If a line in the data has the string "drawing", please show it.

(Data items)

========================================================================

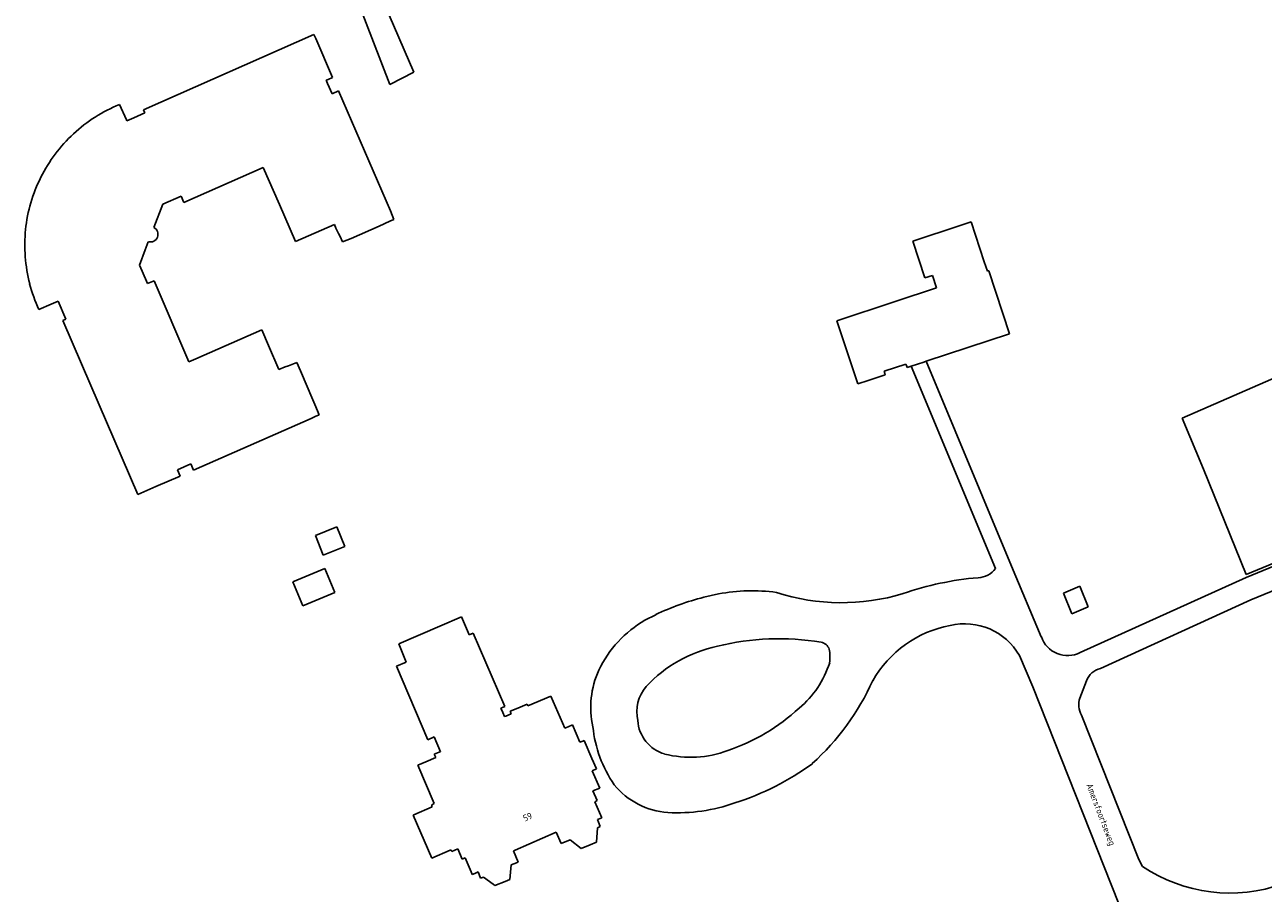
# Model space of a CAD drawing. Extents: x 145741 to 149421, y 457889 to 459999.
# Tile 25 of 84: x 146644 to 146813, y 458740 to 458859. Entities that reach past the tile are written whole.
import ezdxf
from ezdxf.enums import TextEntityAlignment as Align

# ---------------------------------------------------------------- set-up
doc = ezdxf.new("R2010")
doc.units = 0
doc.header["$LTSCALE"] = 4
doc.layers.get('0').update_dxf_attribs({"linetype": 'CONTINUOUS'})
doc.styles.add('ISO', font='ISO')

msp = doc.modelspace()

# ---------------------------------------------------------------- linework, layer by layer
at = {"linetype": 'Continuous'}
for p, q in [((146694.02, 458851.03), (146689.55, 458862.67)), ((146693.95, 458860.53), (146697.32, 458852.73)), ((146660.34, 458847.57), (146683.64, 458857.87)), ((146683.64, 458857.87), (146683.88, 458857.32)), ((146683.88, 458857.32), (146686.19, 458852)), ((146697.32, 458852.73), (146694.02, 458851.03)), ((146685.58, 458851.72), (146685.32, 458851.61)), ((146685.32, 458851.61), (146685.51, 458851.17)), ((146685.51, 458851.17), (146686.13, 458849.76)), ((146686.19, 458852), (146685.58, 458851.72)), ((146686.13, 458849.76), (146687, 458850.15)), ((146687, 458850.15), (146694.09, 458833.75)), ((146657.04, 458848.29), (146658, 458846.2)), ((146659, 458846.46), (146660.53, 458847.15)), ((146660.53, 458847.15), (146660.34, 458847.57)), ((146658, 458846.2), (146658.07, 458846.05)), ((146658.07, 458846.05), (146659, 458846.46)), ((146676.71, 458839.68), (146665.86, 458834.88)), ((146678.92, 458834.63), (146676.71, 458839.68)), ((146665.49, 458835.74), (146662.99, 458834.66)), ((146665.86, 458834.88), (146665.49, 458835.74)), ((146662.99, 458834.66), (146661.73, 458831.46)), ((146681.13, 458829.54), (146678.92, 458834.63)), ((146694.09, 458833.75), (146694.57, 458832.58)), ((146694.04, 458832.34), (146692.57, 458831.67)), ((146694.57, 458832.58), (146694.04, 458832.34)), ((146773.51, 458832.24), (146772, 458831.74)), ((146775.31, 458826.77), (146773.51, 458832.24)), ((146686.43, 458831.89), (146681.13, 458829.54)), ((146686.65, 458831.38), (146686.43, 458831.89)), ((146687.02, 458830.63), (146686.65, 458831.38)), ((146687.24, 458830.23), (146687.02, 458830.63)), ((146687.55, 458829.49), (146687.24, 458830.23)), ((146692.57, 458831.67), (146688.71, 458829.95)), ((146772, 458831.74), (146765.53, 458829.61)), ((146660.99, 458829.53), (146660.55, 458828.4)), ((146688.71, 458829.95), (146687.55, 458829.49)), ((146765.53, 458829.61), (146767.19, 458824.58)), ((146660.55, 458828.4), (146659.78, 458826.33)), ((146659.78, 458826.33), (146660.15, 458825.49)), ((146660.15, 458825.49), (146660.87, 458823.79)), ((146775.73, 458825.49), (146775.31, 458826.77)), ((146775.83, 458825.53), (146775.73, 458825.49)), ((146775.94, 458825.56), (146775.83, 458825.53)), ((146778.78, 458816.94), (146775.94, 458825.56)), ((146660.87, 458823.79), (146661.79, 458824.19)), ((146661.79, 458824.19), (146666.55, 458813.1)), ((146767.19, 458824.58), (146768.21, 458824.92)), ((146768.21, 458824.92), (146768.78, 458823.2)), ((146768.78, 458823.2), (146763.12, 458821.34)), ((146647.71, 458821), (146646.02, 458820.27)), ((146648.65, 458821.41), (146647.71, 458821)), ((146649.73, 458818.91), (146648.65, 458821.41)), ((146763.12, 458821.34), (146755.16, 458818.72)), ((146649.31, 458818.73), (146649.73, 458818.91)), ((146653.12, 458809.88), (146649.31, 458818.73)), ((146755.16, 458818.72), (146758, 458810.08)), ((146667.47, 458813.51), (146676.53, 458817.46)), ((146676.53, 458817.46), (146677.44, 458815.34)), ((146767.36, 458813.17), (146778.78, 458816.94)), ((146677.44, 458815.34), (146678.86, 458812.03)), ((146666.55, 458813.1), (146667.47, 458813.51)), ((146802.36, 458805.38), (146824.13, 458814.87)), ((146678.86, 458812.03), (146679.7, 458812.39)), ((146679.7, 458812.39), (146680.14, 458812.55)), ((146680.14, 458812.55), (146681.28, 458813.02)), ((146681.28, 458813.02), (146681.81, 458811.87)), ((146681.81, 458811.87), (146683.51, 458807.92)), ((146761.62, 458811.81), (146764.6, 458812.79)), ((146761.73, 458811.49), (146761.62, 458811.81)), ((146764.6, 458812.79), (146764.66, 458812.61)), ((146764.66, 458812.61), (146764.76, 458812.31)), ((146764.76, 458812.31), (146765.33, 458812.5)), ((146767.05, 458813.07), (146765.33, 458812.5)), ((146765.33, 458812.5), (146776.86, 458784.83)), ((146767.36, 458813.17), (146767.05, 458813.07)), ((146779.03, 458785.14), (146767.36, 458813.17)), ((146659.56, 458794.94), (146653.12, 458809.88)), ((146758, 458810.08), (146759.45, 458810.56)), ((146759.45, 458810.56), (146761.78, 458811.33)), ((146761.78, 458811.33), (146761.73, 458811.49)), ((146683.51, 458807.92), (146683.75, 458807.28)), ((146683.75, 458807.28), (146684.36, 458805.86)), ((146811.14, 458783.6), (146868.7, 458807.41)), ((146683.24, 458805.33), (146667.17, 458798.26)), ((146683.8, 458805.61), (146683.24, 458805.33)), ((146684.36, 458805.86), (146683.8, 458805.61)), ((146805.31, 458798.42), (146802.36, 458805.38)), ((146869.93, 458804.59), (146811.77, 458780.54)), ((146665.88, 458798.74), (146664.96, 458798.33)), ((146664.96, 458798.33), (146665.33, 458797.46)), ((146666.79, 458799.13), (146665.88, 458798.74)), ((146667.17, 458798.26), (146666.79, 458799.13)), ((146811.12, 458784.01), (146805.31, 458798.42)), ((146665.33, 458797.46), (146662.03, 458796.02)), ((146843.79, 458797.54), (146811.12, 458784.01)), ((146662.03, 458796.02), (146659.56, 458794.94)), ((146683.84, 458789.35), (146686.77, 458790.53)), ((146686.77, 458790.53), (146687.85, 458787.83)), ((146684.92, 458786.65), (146683.84, 458789.35)), ((146687.85, 458787.83), (146684.92, 458786.65)), ((146680.75, 458783), (146685.14, 458784.82)), ((146685.14, 458784.82), (146686.51, 458781.53)), ((146783.11, 458775.47), (146779.03, 458785.14)), ((146682.12, 458779.71), (146680.75, 458783)), ((146788.43, 458773.32), (146811.14, 458783.6)), ((146686.51, 458781.53), (146682.12, 458779.71)), ((146736.96, 458780.89), (146738.97, 458781.36)), ((146786.16, 458781.44), (146788.38, 458782.39)), ((146787.29, 458778.62), (146786.16, 458781.44)), ((146788.38, 458782.39), (146789.52, 458779.58)), ((146789.52, 458779.58), (146787.29, 458778.62)), ((146811.77, 458780.54), (146791.21, 458771.13)), ((146700.85, 458776.92), (146703.84, 458778.22)), ((146703.84, 458778.22), (146704.65, 458776.3)), ((146728.91, 458777.76), (146730.38, 458778.51)), ((146695.25, 458774.5), (146700.85, 458776.92)), ((146704.65, 458776.3), (146704.88, 458775.76)), ((146696.26, 458772.02), (146695.25, 458774.5)), ((146704.88, 458775.76), (146705.42, 458775.99)), ((146705.42, 458775.99), (146709.73, 458765.94)), ((146781.94, 458768.62), (146780.12, 458772.93)), ((146694.92, 458771.46), (146696.26, 458772.02)), ((146699.22, 458761.4), (146694.92, 458771.46)), ((146789.29, 458769.45), (146788.37, 458767.11)), ((146796.84, 458731.11), (146781.94, 458768.62)), ((146709.73, 458765.94), (146709.42, 458765.82)), ((146711.52, 458765.72), (146712.8, 458766.25)), ((146712.8, 458766.25), (146712.9, 458766.04)), ((146712.9, 458766.04), (146716.04, 458767.36)), ((146716.04, 458767.36), (146717.94, 458762.97)), ((146709.42, 458765.82), (146709.19, 458765.73)), ((146709.19, 458765.73), (146709.45, 458765.14)), ((146709.45, 458765.14), (146709.7, 458764.57)), ((146709.7, 458764.57), (146709.87, 458764.64)), ((146709.87, 458764.64), (146710.62, 458764.96)), ((146710.49, 458765.29), (146711.52, 458765.72)), ((146710.62, 458764.96), (146710.49, 458765.29)), ((146788.6, 458764.78), (146796.44, 458745.02)), ((146717.94, 458762.97), (146718.39, 458763.16)), ((146718.39, 458763.16), (146719.01, 458763.44)), ((146719.01, 458763.44), (146720, 458761.05)), ((146700.06, 458761.78), (146699.22, 458761.4)), ((146700.94, 458759.77), (146700.06, 458761.78)), ((146720, 458761.05), (146720.4, 458761.22)), ((146720.4, 458761.22), (146720.59, 458761.29)), ((146720.59, 458761.29), (146721.65, 458758.85)), ((146700.1, 458759.41), (146700.76, 458759.7)), ((146700.29, 458758.97), (146700.1, 458759.41)), ((146700.76, 458759.7), (146700.94, 458759.77)), ((146697.83, 458757.92), (146698.95, 458758.4)), ((146700.07, 458752.68), (146697.83, 458757.92)), ((146698.95, 458758.4), (146700.29, 458758.97)), ((146721.65, 458758.85), (146722.28, 458757.42)), ((146722.28, 458757.42), (146721.7, 458757.16)), ((146721.7, 458757.16), (146722.72, 458754.8)), ((146722.72, 458754.8), (146721.78, 458754.42)), ((146721.78, 458754.42), (146722.37, 458753.08)), ((146699.74, 458752.51), (146700.07, 458752.68)), ((146699.78, 458752.33), (146699.74, 458752.51)), ((146699.83, 458752.21), (146699.78, 458752.33)), ((146722.37, 458753.08), (146722.04, 458752.93)), ((146722.04, 458752.93), (146722.99, 458750.71)), ((146697.2, 458751.1), (146697.31, 458751.15)), ((146699.74, 458745.22), (146697.2, 458751.1)), ((146697.31, 458751.15), (146699.83, 458752.21)), ((146722.99, 458750.71), (146722.56, 458750.54)), ((146722.42, 458749.36), (146722.28, 458747.39)), ((146722.56, 458750.54), (146722.4, 458750.48)), ((146722.4, 458750.48), (146722.54, 458750.14)), ((146722.8, 458749.53), (146722.42, 458749.36)), ((146722.54, 458750.14), (146722.8, 458749.53)), ((146716.77, 458748.74), (146711.17, 458746.29)), ((146717.44, 458747.22), (146716.77, 458748.74)), ((146718.67, 458747.71), (146717.44, 458747.22)), ((146720.19, 458746.54), (146718.67, 458747.71)), ((146722.28, 458747.39), (146721.43, 458747.04)), ((146702.28, 458746.3), (146699.74, 458745.22)), ((146702.4, 458746.3), (146702.28, 458746.3)), ((146702.5, 458746.13), (146702.4, 458746.3)), ((146703.3, 458746.46), (146702.5, 458746.13)), ((146703.89, 458745.06), (146703.3, 458746.46)), ((146711.17, 458746.29), (146710.93, 458746.19)), ((146710.93, 458746.19), (146711.57, 458744.66)), ((146721.43, 458747.04), (146720.19, 458746.54)), ((146704.02, 458745.11), (146703.89, 458745.06)), ((146704.3, 458745.25), (146704.02, 458745.11)), ((146705.13, 458743.33), (146704.3, 458745.25)), ((146710.61, 458744.3), (146710.45, 458742.27)), ((146711.35, 458744.58), (146710.61, 458744.3)), ((146711.57, 458744.66), (146711.35, 458744.58)), ((146796.44, 458745.02), (146796.94, 458744.05)), ((146705.28, 458742.97), (146705.13, 458743.33)), ((146705.64, 458743.12), (146705.28, 458742.97)), ((146706.1, 458743.31), (146705.64, 458743.12)), ((146706.41, 458742.46), (146706.1, 458743.31)), ((146706.81, 458742.62), (146706.41, 458742.46)), ((146708.13, 458741.64), (146706.81, 458742.62)), ((146710.45, 458742.27), (146709.78, 458742)), ((146708.39, 458741.45), (146708.13, 458741.64)), ((146709.78, 458742), (146708.39, 458741.45))]:
    msp.add_line(p, q, dxfattribs=at)
for centre, radius, start, end in [((146664.85, 458829.15), 20.67, 112.2043, 122.5725), ((146664.99, 458828.92), 20.94, 122.5522, 132.7833), ((146664.98, 458828.96), 20.91, 132.85, 143.098), ((146664.91, 458829.02), 20.81, 143.1064, 153.4032), ((146664.91, 458829.02), 20.82, 153.399, 163.6933), ((146664.88, 458829.02), 20.79, 163.6839, 173.9911), ((146665, 458829.01), 20.9, 174.002, 184.2484), ((146661.28, 458830.53), 1.04, 21.6503, 64.1395), ((146661.28, 458830.53), 1.03, 338.8907, 21.7197), ((146661.28, 458830.53), 1.04, 254.0018, 296.3871), ((146661.28, 458830.52), 1.03, 296.3008, 339.2031), ((146665, 458829.03), 20.9, 184.2887, 194.5402), ((146665, 458829.04), 20.91, 194.5836, 204.8293), ((146774.4, 458786.6), 3.03, 271.352, 324.3367), ((146777.96, 458741.65), 42.06, 94.7635, 109.0942), ((146743.53, 458757.09), 24.69, 82.2138, 100.6414), ((146755.79, 458808.95), 28.81, 251.98, 286.9817), ((146745.53, 458746.95), 35.01, 104.1825, 115.6423), ((146736.99, 458763.95), 16, 120.3397, 154.1706), ((146773.56, 458761.77), 15.55, 100.8552, 150.2703), ((146772.59, 458768.56), 8.71, 30.1606, 103.0173), ((146747.23, 458740.83), 34.4, 80.3594, 104.1705), ((146752.65, 458773.21), 1.58, 21.646, 77.3704), ((146786.71, 458776.71), 3.8, 199.0184, 296.9339), ((146742.73, 458755.83), 18.77, 102.0594, 136.7225), ((146748.04, 458772.7), 6.17, 352.7766, 10.1184), ((146733.85, 458765.84), 12.35, 155.7041, 192.4589), ((146741.3, 458776.07), 13.52, 310.1153, 342.1682), ((146791.77, 458768.55), 2.64, 102.1974, 159.9887), ((146728.32, 458783.91), 34.86, 312.3248, 335.552), ((146733.06, 458765.24), 5.27, 139.1338, 193.3144), ((146791.13, 458766.21), 2.91, 162.08, 209.5846), ((146731.29, 458786.07), 27.64, 288.8511, 312.6119), ((146738.59, 458764.85), 16.88, 185.6934, 214.6463), ((146733.03, 458764.37), 5.12, 183.7754, 253.6449), ((146735.16, 458773.74), 14.73, 255.9914, 290.1233), ((146729.93, 458788.18), 37.17, 287.6718, 306.0414), ((146732.76, 458761.8), 10.38, 219.1093, 265.9729), ((146733.37, 458774.63), 23.22, 266.6862, 289.7278), ((146808.88, 458761.89), 21.46, 236.2187, 289.8308)]:
    msp.add_arc(centre, radius, start, end, dxfattribs=at)

# ---------------------------------------------------------------- texts
at = {"style": 'ISO'}
for s, rotation, p in [('Amersfoortseweg', 291, (146791.27, 458751.19)), ('59', 23.6, (146712.86, 458750.85))]:
    msp.add_text(s, height=0.9, rotation=rotation, dxfattribs=at).set_placement(p, align=Align.MIDDLE_CENTER)

doc.saveas('drawing.dxf')

========================================================================

EXERCISE OUTPUT:
# Model space of a CAD drawing. Extents: x 145741 to 149421, y 457889 to 459999.
doc.saveas('drawing.dxf')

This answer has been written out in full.